Cell-Based Reporter Assays.[1]
The ability of GW9662 to activate PPAR-mediated reporter gene transcription was assessed using GAL4 chimeras of the human receptors and a (UAS)5-tk-SPAP reporter plasmid as previously described for PPARγ, PPARα, and PPARδ. GW9662 antagonism of ligand-induced gene transcription was measured as previously described. Antagonism of agonist-induced reporter gene transcription was done by titrating varying concentrations of GW9662 in the presence of a constant concentration of activating ligand. The activating ligands used were 100 nM rosiglitazone for PPARγ, 8 nM GW7647 for PPARα, and 0.55 μM GW2433 for PPARδ, respectively.

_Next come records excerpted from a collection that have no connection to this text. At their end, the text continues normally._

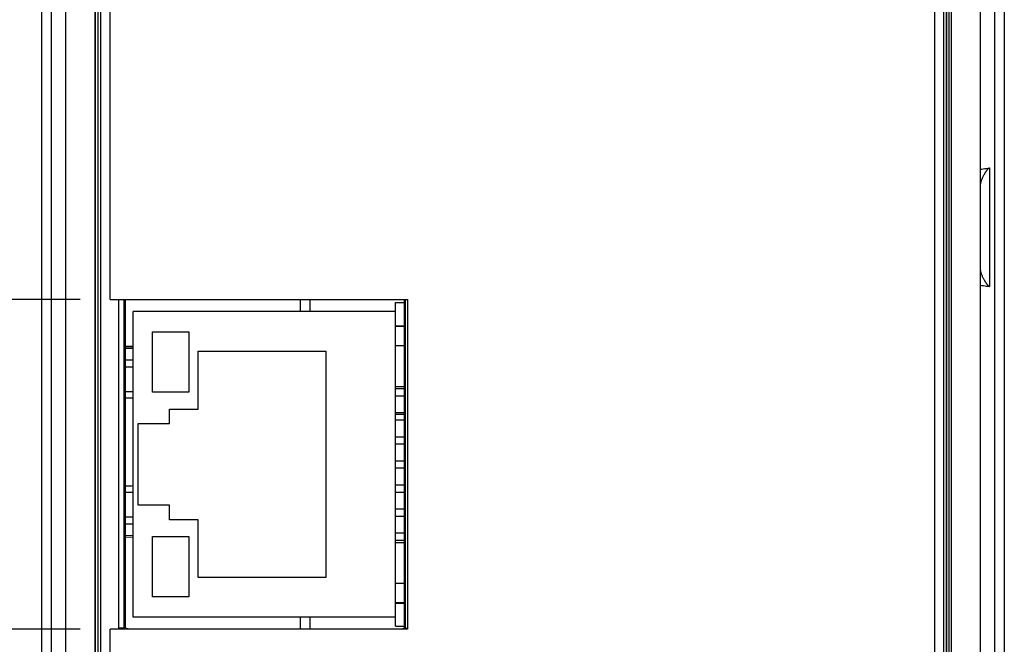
# Model space of a CAD drawing. Header units: inches. Extents: x 0 to 34, y 0 to 22.
# Tile 7 of 75: x 7.2 to 9.3, y 10.4 to 11.7. Entities that reach past the tile are written whole.
import ezdxf

# ---------------------------------------------------------------- set-up
doc = ezdxf.new("R2010")
doc.units = ezdxf.units.IN
doc.header["$LTSCALE"] = 1.87
doc.header["$MEASUREMENT"] = 0
doc.layers.get('0').update_dxf_attribs({"linetype": 'CONTINUOUS'})
doc.layers.add('DIMENSIONS', color=7, linetype='CONTINUOUS')
doc.styles.get("Standard").update_dxf_attribs({"font": 'txt', "width": 0.8})
doc.dimstyles.new('DIMSTYLE_1', dxfattribs={"dimtxt": 0.125, "dimasz": 0.18, "dimexe": 0.18, "dimexo": 0.0625, "dimgap": 0.09, "dimtad": 0, "dimtih": 1, "dimtoh": 1, "dimdec": 3, "dimzin": 4, "dimdsep": 46, "dimtxsty": 'STANDARD', "dimblk": '_FILLED', "dimblk1": '_FILLED', "dimblk2": '_FILLED', "dimcen": 0.09, "dimadec": 0, "dimazin": 0, "dimtp": 0.01, "dimtm": 0.01, "dimtfac": 1, "dimtdec": 3, "dimtofl": 0, "dimtmove": 0, "dimatfit": 3, "dimldrblk": '_FILLED', "dimfxl": 1, "dimtolj": 1, "dimtzin": 4, "dimarcsym": 0})

# ---------------------------------------------------------------- blocks, each defined once
blk = doc.blocks.new('_FILLED')
at = {"color": 0, "linetype": 'BYBLOCK'}
blk.add_solid([(0, 0), (-1, 0.174), (-1, -0.174)], dxfattribs=at)
blk = doc.blocks.new('*D10')
at = {"layer": 'DIMENSIONS', "color": 2, "linetype": 'CONTINUOUS'}
for p, q in [((7.3457, 10.4054), (4.8915, 10.4054)), ((5.0165, 10.4054), (5.0165, 9.625)), ((5.0165, 8.7654), (5.0165, 9.375)), ((8.204, 8.7654), (4.8915, 8.7654))]:
    blk.add_line(p, q, dxfattribs=at)
at = {"layer": 'DIMENSIONS', "color": 2, "linetype": 'CONTINUOUS', "xscale": 0.18, "yscale": 0.18, "zscale": 0.18}
for p, rotation in [((5.0165, 10.4054), 90), ((5.0165, 8.7654), 270)]:
    blk.add_blockref('_FILLED', p, dxfattribs=dict(at, rotation=rotation))
at = {"layer": 'DIMENSIONS', "color": 2, "linetype": 'CONTINUOUS', "width": 0.8}
for s, p in [('1.640', (4.354, 9.4375)), ('[', (4.979, 9.4375)), ('41.66', (5.079, 9.4375)), (']', (5.579, 9.4375))]:
    blk.add_text(s, height=0.125, dxfattribs=at).set_placement(p)
blk = doc.blocks.new('*D11')
at = {"layer": 'DIMENSIONS', "color": 2, "linetype": 'CONTINUOUS'}
for p, q in [((6.5165, 11.5165), (6.3893, 11.5165)), ((6.5165, 11.0904), (6.5165, 11.5165)), ((7.3457, 11.0904), (6.3915, 11.0904)), ((7.3457, 10.4054), (6.3915, 10.4054)), ((6.5165, 10.4054), (6.5165, 10.0454))]:
    blk.add_line(p, q, dxfattribs=at)
at = {"layer": 'DIMENSIONS', "color": 2, "linetype": 'CONTINUOUS', "xscale": 0.18, "yscale": 0.18, "zscale": 0.18}
for p, rotation in [((6.5165, 11.0904), 270), ((6.5165, 10.4054), 90)]:
    blk.add_blockref('_FILLED', p, dxfattribs=dict(at, rotation=rotation))
at = {"layer": 'DIMENSIONS', "color": 2, "linetype": 'CONTINUOUS', "width": 0.8}
for s, p in [('.685', (5.2018, 11.454)), ('[', (5.7268, 11.454)), (']', (6.2268, 11.454)), ('17.4', (5.8268, 11.454))]:
    blk.add_text(s, height=0.125, dxfattribs=at).set_placement(p)

msp = doc.modelspace()

# ---------------------------------------------------------------- linework, layer by layer
at = {"color": 7, "linetype": 'CONTINUOUS'}
for p, q in [((7.2665, 8.8583), (7.2665, 13.6571)), ((7.286, 13.6571), (7.286, 8.8583)), ((9.247, 8.8583), (9.247, 13.6561)), ((9.2665, 13.6561), (9.2665, 8.8583)), ((7.3165, 8.9065), (7.3165, 13.6097)), ((7.3765, 13.6097), (7.3765, 8.9065)), ((9.1565, 8.9065), (9.1565, 13.6087)), ((7.378, 8.97), (7.378, 13.5457)), ((7.383, 13.5456), (7.383, 8.9701)), ((7.3832, 8.9701), (7.3832, 13.5456)), ((7.3882, 13.5455), (7.3882, 8.9702)), ((7.4082, 11.0904), (7.4082, 13.5455)), ((9.1211, 13.5424), (9.1211, 8.9741)), ((9.1411, 8.9741), (9.1411, 13.5424)), ((9.1461, 13.5424), (9.1461, 8.9741)), ((9.1463, 8.9741), (9.1463, 13.5424)), ((9.1513, 13.5424), (9.1513, 8.9741)), ((9.2165, 13.4378), (9.2165, 8.9065)), ((9.236, 11.3637), (9.236, 11.1174)), ((7.4082, 11.0904), (8.0265, 11.0904)), ((7.4267, 10.4076), (7.4267, 11.0904)), ((7.4367, 11.0904), (7.4367, 10.4076)), ((7.4395, 11.0904), (7.4402, 11.0897)), ((7.8038, 11.0654), (7.8038, 11.0904)), ((7.8235, 11.0904), (7.8235, 11.0654)), ((8.0193, 11.0902), (8.0195, 11.0904)), ((8.0193, 11.0902), (8.0193, 10.4106)), ((8.0223, 10.4076), (8.0223, 11.0904)), ((8.0265, 11.0904), (8.0265, 10.4054)), ((7.4402, 10.4112), (7.4402, 11.0897)), ((8.0015, 10.4119), (8.0015, 11.0839)), ((8.0015, 11.0839), (8.0193, 11.0839)), ((7.4565, 10.4304), (7.4565, 11.0654)), ((8.0015, 11.0654), (7.4565, 11.0654)), ((8.0015, 11.0359), (8.0193, 11.0359)), ((8.0015, 11.0349), (8.0193, 11.0349)), ((7.4965, 10.8979), (7.4965, 11.0229)), ((7.4965, 11.0229), (7.5715, 11.0229)), ((7.5715, 11.0229), (7.5715, 10.8979)), ((7.4402, 10.9942), (7.4565, 10.9938)), ((7.4402, 10.9923), (7.4565, 10.9919)), ((7.4402, 10.9893), (7.4565, 10.9889)), ((8.0015, 10.9949), (8.0193, 10.9949)), ((7.5915, 10.8629), (7.5915, 10.9829)), ((7.5915, 10.9829), (7.8565, 10.9829)), ((7.8565, 10.9829), (7.8565, 10.5129)), ((7.4565, 10.9644), (7.4402, 10.9644)), ((7.4402, 10.9503), (7.4565, 10.9503)), ((8.0015, 10.9099), (8.0193, 10.9099)), ((7.4565, 10.8988), (7.4402, 10.8989)), ((7.5715, 10.8979), (7.4965, 10.8979)), ((8.0015, 10.9054), (8.0193, 10.9054)), ((8.0015, 10.8904), (8.0193, 10.8904)), ((7.5315, 10.8329), (7.5315, 10.8629)), ((7.5315, 10.8629), (7.5915, 10.8629)), ((8.0015, 10.8554), (8.0193, 10.8554)), ((8.0193, 10.8514), (8.0015, 10.8514)), ((7.4665, 10.6629), (7.4665, 10.8329)), ((7.4665, 10.8329), (7.5315, 10.8329)), ((8.0015, 10.8404), (8.0193, 10.8404)), ((8.0015, 10.8054), (8.0193, 10.8054)), ((8.0015, 10.7904), (8.0193, 10.7904)), ((8.0015, 10.7554), (8.0193, 10.7554)), ((8.0015, 10.7404), (8.0193, 10.7404)), ((8.0015, 10.7054), (8.0193, 10.7054)), ((7.4402, 10.6903), (7.4565, 10.6904)), ((8.0015, 10.6904), (8.0193, 10.6904)), ((7.5315, 10.6629), (7.4665, 10.6629)), ((7.5315, 10.6329), (7.5315, 10.6629)), ((8.0015, 10.6554), (8.0193, 10.6554)), ((8.0015, 10.6404), (8.0193, 10.6404)), ((7.4565, 10.6384), (7.4402, 10.6384)), ((7.4402, 10.6242), (7.4565, 10.6242)), ((7.5915, 10.6329), (7.5315, 10.6329)), ((7.5915, 10.5129), (7.5915, 10.6329)), ((7.4565, 10.6), (7.4402, 10.5996)), ((8.0015, 10.6054), (8.0193, 10.6054)), ((7.4402, 10.5967), (7.4565, 10.5971)), ((7.4965, 10.4729), (7.4965, 10.5979)), ((7.4965, 10.5979), (7.5715, 10.5979)), ((7.5715, 10.5979), (7.5715, 10.4729)), ((8.0015, 10.5904), (8.0193, 10.5904)), ((8.0015, 10.5859), (8.0193, 10.5859)), ((7.8565, 10.5129), (7.5915, 10.5129)), ((8.0015, 10.5009), (8.0193, 10.5009)), ((7.5715, 10.4729), (7.4965, 10.4729)), ((8.0015, 10.4609), (8.0193, 10.4609)), ((8.0015, 10.4599), (8.0193, 10.4599)), ((8.0015, 10.4304), (7.4565, 10.4304)), ((7.8038, 10.4058), (7.8038, 10.4304)), ((7.8235, 10.4304), (7.8235, 10.4058)), ((7.4082, 8.9702), (7.4082, 10.4054)), ((8.0265, 10.4054), (7.4082, 10.4054)), ((7.4402, 10.4112), (7.4367, 10.4076)), ((7.4445, 10.4054), (7.4452, 10.4062)), ((7.4452, 10.4062), (8.0143, 10.4057)), ((8.0015, 10.4119), (8.0193, 10.4119)), ((8.0143, 10.4057), (8.0145, 10.4054)), ((8.0223, 10.4076), (8.0193, 10.4106)), ((8.0223, 10.4076), (8.0265, 10.4076))]:
    msp.add_line(p, q, dxfattribs=at)
for points, knots in [([(9.236, 11.3637), (9.2358, 11.3636), (9.2355, 11.3636), (9.235, 11.3634), (9.2345, 11.3631), (9.2339, 11.3627), (9.2333, 11.3623), (9.2327, 11.3617), (9.2321, 11.3611), (9.2314, 11.3603), (9.2307, 11.3595), (9.23, 11.3585), (9.2292, 11.3574), (9.2283, 11.3562), (9.2274, 11.3548), (9.2265, 11.3533), (9.2255, 11.3516), (9.2244, 11.3497), (9.2232, 11.3476), (9.2219, 11.3452), (9.2207, 11.3427), (9.2196, 11.3401), (9.2186, 11.3376), (9.2178, 11.3353), (9.2172, 11.3333), (9.2168, 11.3314), (9.2166, 11.3296), (9.2165, 11.3285), (9.2165, 11.328)], [0, 0, 0, 0, 0.010866, 0.023483, 0.037802, 0.053832, 0.071685, 0.09137, 0.113112, 0.137113, 0.163507, 0.192576, 0.224621, 0.259905, 0.298806, 0.341723, 0.389075, 0.441268, 0.49917, 0.563758, 0.6328, 0.701582, 0.765716, 0.823124, 0.874373, 0.920431, 0.962069, 1, 1, 1, 1]), ([(9.2165, 11.361), (9.2186, 11.3612), (9.2229, 11.3618), (9.2294, 11.3627), (9.2338, 11.3633), (9.236, 11.3637)], [0, 0, 0, 0, 0.318182, 0.661322, 1, 1, 1, 1]), ([(9.2165, 11.1531), (9.2165, 11.1525), (9.2166, 11.1514), (9.2168, 11.1497), (9.2172, 11.1478), (9.2178, 11.1457), (9.2186, 11.1434), (9.2196, 11.141), (9.2207, 11.1384), (9.2219, 11.1359), (9.2232, 11.1335), (9.2244, 11.1314), (9.2255, 11.1295), (9.2265, 11.1278), (9.2274, 11.1262), (9.2283, 11.1249), (9.2292, 11.1237), (9.23, 11.1226), (9.2307, 11.1216), (9.2314, 11.1207), (9.2321, 11.12), (9.2327, 11.1193), (9.2333, 11.1188), (9.2339, 11.1183), (9.2345, 11.1179), (9.235, 11.1177), (9.2355, 11.1175), (9.2358, 11.1174), (9.236, 11.1174)], [0, 0, 0, 0, 0.037934, 0.079559, 0.125593, 0.176804, 0.234166, 0.29828, 0.367119, 0.436213, 0.500853, 0.558756, 0.610932, 0.658283, 0.701205, 0.740112, 0.775399, 0.807446, 0.836519, 0.862919, 0.886928, 0.90868, 0.928366, 0.94621, 0.962222, 0.976525, 0.989132, 1, 1, 1, 1]), ([(9.2165, 11.1201), (9.2187, 11.1198), (9.2231, 11.1193), (9.2296, 11.1184), (9.2339, 11.1177), (9.236, 11.1174)], [0, 0, 0, 0, 0.341572, 0.679786, 1, 1, 1, 1]), ([(7.4267, 10.4076), (7.4267, 10.4072), (7.4267, 10.4065), (7.4268, 10.4058), (7.4269, 10.4054)], [0, 0, 0, 0, 0.498485, 1, 1, 1, 1]), ([(7.4367, 10.4076), (7.4367, 10.4076), (7.4366, 10.4076), (7.4364, 10.4076), (7.4361, 10.4076), (7.4358, 10.4076), (7.4354, 10.4076), (7.4349, 10.4076), (7.4343, 10.4076), (7.4336, 10.4076), (7.4329, 10.4076), (7.4321, 10.4076), (7.4313, 10.4076), (7.4304, 10.4076), (7.4295, 10.4076), (7.4286, 10.4076), (7.4276, 10.4076), (7.427, 10.4076), (7.4267, 10.4076)], [0, 0, 0, 0, 0.007946, 0.025031, 0.051095, 0.085893, 0.129102, 0.180335, 0.239123, 0.304923, 0.377125, 0.45506, 0.538002, 0.625187, 0.715832, 0.809105, 0.904131, 1, 1, 1, 1]), ([(7.4372, 10.4054), (7.4372, 10.4054), (7.4371, 10.4056), (7.437, 10.406), (7.4368, 10.4065), (7.4367, 10.4071), (7.4367, 10.4074), (7.4367, 10.4076)], [0, 0, 0, 0, 0.00751, 0.254987, 0.502849, 0.751166, 1, 1, 1, 1]), ([(7.4459, 10.406), (7.4447, 10.406), (7.4426, 10.4063), (7.4404, 10.4085), (7.4402, 10.4103), (7.4402, 10.4112)], [0, 0, 0, 0, 0.406722, 0.697912, 1, 1, 1, 1]), ([(8.0193, 10.4106), (8.0193, 10.4097), (8.019, 10.4078), (8.0171, 10.4059), (8.0155, 10.4058), (8.0149, 10.4058)], [0, 0, 0, 0, 0.39032, 0.732076, 1, 1, 1, 1]), ([(8.0223, 10.4076), (8.0223, 10.4074), (8.0223, 10.4071), (8.0222, 10.4065), (8.022, 10.406), (8.0219, 10.4056), (8.0218, 10.4054), (8.0218, 10.4054)], [0, 0, 0, 0, 0.248944, 0.497194, 0.744856, 0.99204, 1, 1, 1, 1])]:
    msp.add_open_spline(points, degree=3, knots=knots, dxfattribs=at)
for points in [[(7.4402, 11.0897), (7.4402, 11.0899), (7.4403, 11.0902), (7.4403, 11.0904)], [(8.0193, 11.0904), (8.0193, 11.0903), (8.0193, 11.0903), (8.0193, 11.0902)], [(7.4402, 10.8864), (7.4457, 10.8864), (7.4511, 10.8863), (7.4565, 10.8863)], [(7.4565, 10.703), (7.4511, 10.7029), (7.4457, 10.7028), (7.4402, 10.7028)]]:
    msp.add_open_spline(points, degree=3, dxfattribs=at)

# ---------------------------------------------------------------- dimensions: what is measured, and where the dimension line sits
at = {"layer": 'DIMENSIONS', "color": 2, "linetype": 'CONTINUOUS'}
for base, p2, angle, picture, middle in [((6.5165, 11.0904), (7.3457, 11.0904), 90, '*D11', (5.7643, 11.5165)), ((5.0165, 8.7654), (8.204, 8.7654), 270, '*D10', (5.0165, 9.5))]:
    dim = msp.add_linear_dim(base=base, p1=(7.3457, 10.4054), p2=p2, angle=angle, dimstyle='DIMSTYLE_1', dxfattribs=at)
    dim.commit()
    dim.dimension.update_dxf_attribs({"geometry": picture, "text_midpoint": middle, "dimtype": 160})

doc.saveas('drawing.dxf')

The effects of GW9662 on activation of PPARγ, PPARα, and PPARδ were also assessed using full-length human receptors and a reporter construct, (L-FABP)4-tk-Dual-LUC, containing four copies of the L-FABP PPRE upstream of the minimal herpesvirus thymidine kinase promoter and a luciferase reporter gene. The receptor plasmids contained the appropriate full-length PPAR cDNA plus 9 base pairs of Kozak consensus sequence cloned into the TOPO site of pcDNA3.1-TOPO. Briefly, HEK293 cells were cultured in Minimum Essential Media containing 10% fetal calf serum, 1% penicillin/streptomycin, and 1% fungizone in a humidified incubator (5% CO2 in air) at 37 °C. The cells were seeded at 2 × 104 cells per well in 96 well culture plates the day prior to assay execution. Transfection was accomplished using PolyFect according to the manufacturers' instructions. Transfection mixtures for each well contained 0.167 μg of PPAR plasmid, 0.167 μg of LFABP reporter, and 0.167 μg of a renilla luciferase plasmid as transfection control. Cells were incubated with the transfection mixture for 5 h before treatment with either compound or vehicle for 48 h. Culture plates were assayed using the Dual Luciferase assay system according to the manufacturers' instructions.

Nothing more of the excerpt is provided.